For example, the concept of sonder emerged not from an AI definition, but from the user’s lived experience of emotional tension in social interaction. The AI’s response helped refine and structure that experience into a usable methodological term. Similarly, epistemic tempo was named by the user during a critique of academic time structures; the AI later helped articulate its theoretical utility.
The analytical dimensions used in this study—Origin, Function, Tone, Thematic Tag, and Phase—were initially surfaced by the AI through comprehensive analysis of the nine transcript sessions. These categories emerged as part of the AI’s pattern recognition capabilities, which grouped recurring themes and linguistic structures across the dataset. However, they were not accepted at face value: each proposed category was reviewed, challenged, and recursively refined through human judgment.
Importantly, these dimensions did not emerge in a theoretical vacuum. They are grounded in the Intentional Use Philosophy developed by me during the course of the project and formalized in the companion manuscript Conversations With AI. That philosophy emphasizes recursive self-examination, epistemic rhythm, and intentional authorship. As such, these analytic dimensions were not merely labels applied to content—they were methodologically encoded expressions of the broader philosophical architecture behind the project. While AI assisted in surfacing and organizing patterns, the categories themselves reflected prior dialogic formulations of meaning and were shaped by my evolving framework of reflexive inquiry.
I engaged the AI with prompts such as: “Does this label distinguish function from tone?” or “Is this dimension consistent across the broader data set?”
Through recursive exchanges, ambiguous or overlapping categories were clarified or discarded. Final framework definitions and interpretive authority remained under human control.

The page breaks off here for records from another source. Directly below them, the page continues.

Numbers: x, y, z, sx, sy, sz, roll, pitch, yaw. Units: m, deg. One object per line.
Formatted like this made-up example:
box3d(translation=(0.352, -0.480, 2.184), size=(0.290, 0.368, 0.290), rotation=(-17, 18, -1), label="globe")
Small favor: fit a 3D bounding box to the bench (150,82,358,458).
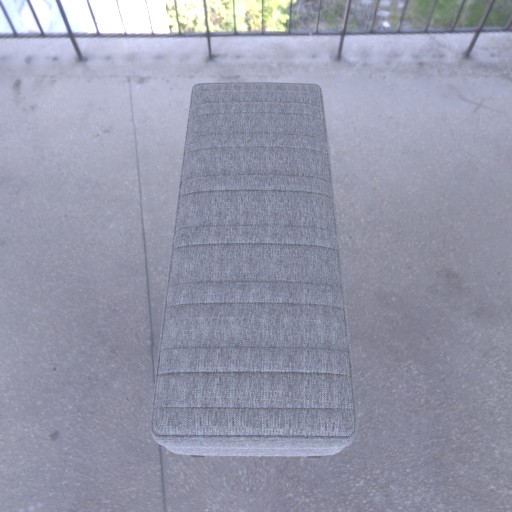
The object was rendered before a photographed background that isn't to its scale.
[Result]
box3d(translation=(0.000, 0.000, 1.314), size=(0.429, 0.470, 1.100), rotation=(0, 59, 0), label="bench")
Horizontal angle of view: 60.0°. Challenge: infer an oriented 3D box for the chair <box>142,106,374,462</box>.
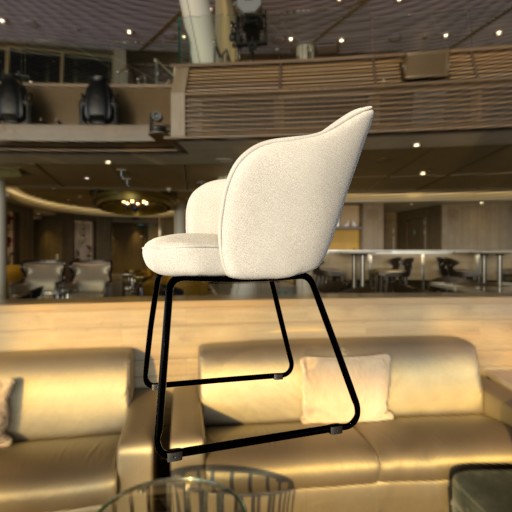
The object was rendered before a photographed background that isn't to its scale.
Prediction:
[{"bbox_3d":[0.000,0.000,1.195,0.592,0.817,0.570,0,0,-18],"label":"chair"}]
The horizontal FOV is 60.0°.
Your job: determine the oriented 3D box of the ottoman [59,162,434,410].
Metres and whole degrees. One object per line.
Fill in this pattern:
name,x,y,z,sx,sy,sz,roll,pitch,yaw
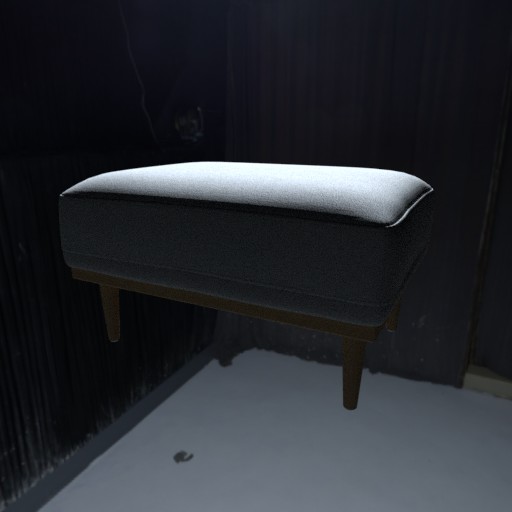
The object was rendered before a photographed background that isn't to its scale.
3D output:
ottoman,0.000,0.000,1.085,0.749,0.428,0.549,8,18,27
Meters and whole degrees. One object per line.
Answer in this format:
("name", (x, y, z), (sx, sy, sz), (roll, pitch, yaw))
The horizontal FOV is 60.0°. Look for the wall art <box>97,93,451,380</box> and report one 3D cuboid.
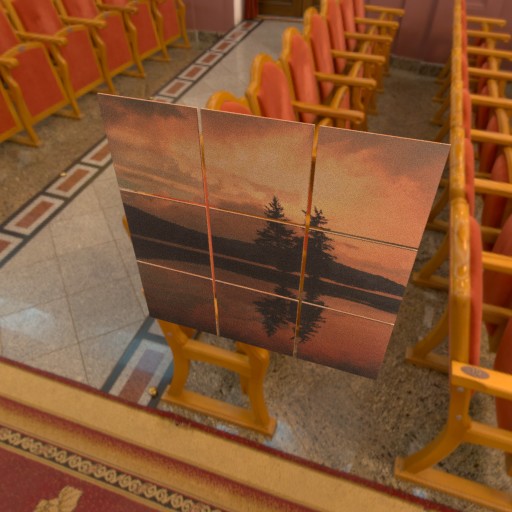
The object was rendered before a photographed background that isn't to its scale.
("wall art", (0.000, 0.000, 2.322), (1.520, 1.525, 0.013), (13, 43, 14))
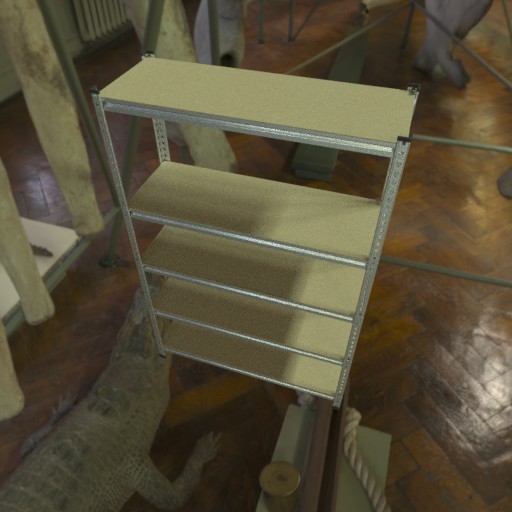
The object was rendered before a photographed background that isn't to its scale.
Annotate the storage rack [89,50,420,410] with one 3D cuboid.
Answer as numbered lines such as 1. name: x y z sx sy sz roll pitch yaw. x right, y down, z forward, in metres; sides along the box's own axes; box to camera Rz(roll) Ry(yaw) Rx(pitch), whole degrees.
1. storage rack: 0.000 0.000 2.362 1.219 1.829 0.457 13 45 13
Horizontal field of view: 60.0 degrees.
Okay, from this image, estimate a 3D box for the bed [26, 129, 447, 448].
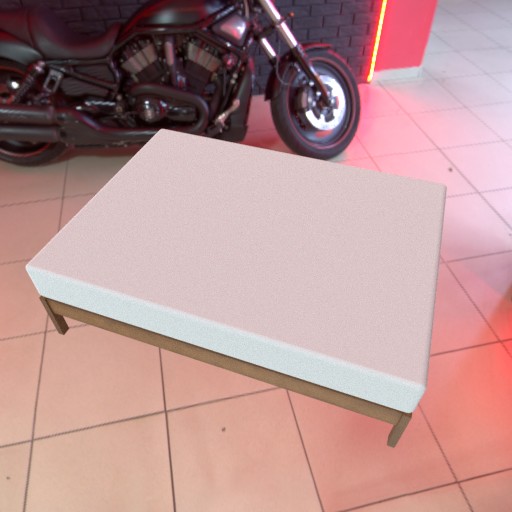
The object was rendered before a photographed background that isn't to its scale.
[{"bbox_3d":[0.000,0.000,2.771,2.050,0.593,1.529,15,48,14],"label":"bed"}]
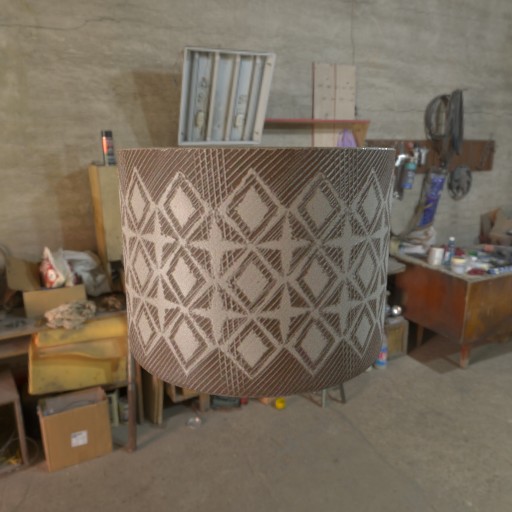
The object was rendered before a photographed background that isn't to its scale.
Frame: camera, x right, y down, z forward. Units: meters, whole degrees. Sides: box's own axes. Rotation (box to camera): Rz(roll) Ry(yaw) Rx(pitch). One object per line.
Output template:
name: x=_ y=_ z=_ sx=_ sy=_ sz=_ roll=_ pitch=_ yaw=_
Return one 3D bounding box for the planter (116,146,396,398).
planter: x=0.000 y=0.000 z=0.221 sx=0.126 sy=0.104 sz=0.126 roll=0 pitch=13 yaw=0
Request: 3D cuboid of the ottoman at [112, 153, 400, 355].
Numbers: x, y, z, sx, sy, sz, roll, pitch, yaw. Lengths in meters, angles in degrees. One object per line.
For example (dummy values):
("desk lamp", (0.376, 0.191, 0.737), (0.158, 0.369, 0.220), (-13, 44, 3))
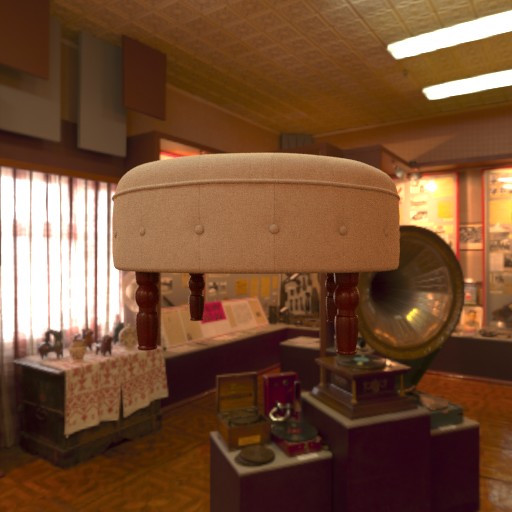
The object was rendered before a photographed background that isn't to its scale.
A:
("ottoman", (0.000, 0.000, 1.373), (0.849, 0.478, 0.849), (0, 0, 0))
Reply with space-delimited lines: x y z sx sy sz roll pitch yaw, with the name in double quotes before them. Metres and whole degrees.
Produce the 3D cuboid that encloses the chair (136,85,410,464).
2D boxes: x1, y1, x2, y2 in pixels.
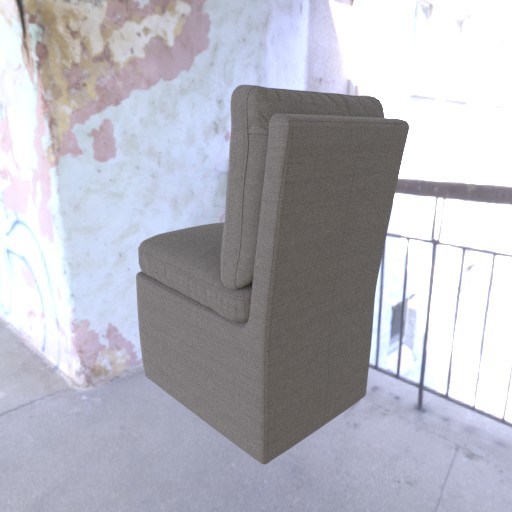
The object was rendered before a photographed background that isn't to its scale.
"chair" 0.000 0.000 1.359 0.503 0.927 0.698 -14 21 -41

We employed a mixed-methods content analysis that combined both qualitative coding and quantitative pattern recognition. Each message (user and AI) was analyzed for the following variables. • Origin: User, AI, or Co-Constructed • Function: Emotional Processing, Theoretical Framing, Conceptual Breakthrough, Structural Planning, Submission Strategy • Tone: Neutral, Reflective, Critical, Affirmative, Charged • Thematic Tag: e.g., Dialectical Tension, Sonder, Epistemic Tempo, Intentional Use Philosophy • Phase: Beginning (conceptual emergence), Middle (structure and theory formation), End (divergence into critique and submission)
This framework reflects a co-constructed logic: the AI was instrumental in surfacing potential coding dimensions, but these were only stabilized through my own recursive testing, reframing, and critical evaluation. In this model, interpretive authority does not reside in the tool’s output, but in the recursive dialogue that shapes it.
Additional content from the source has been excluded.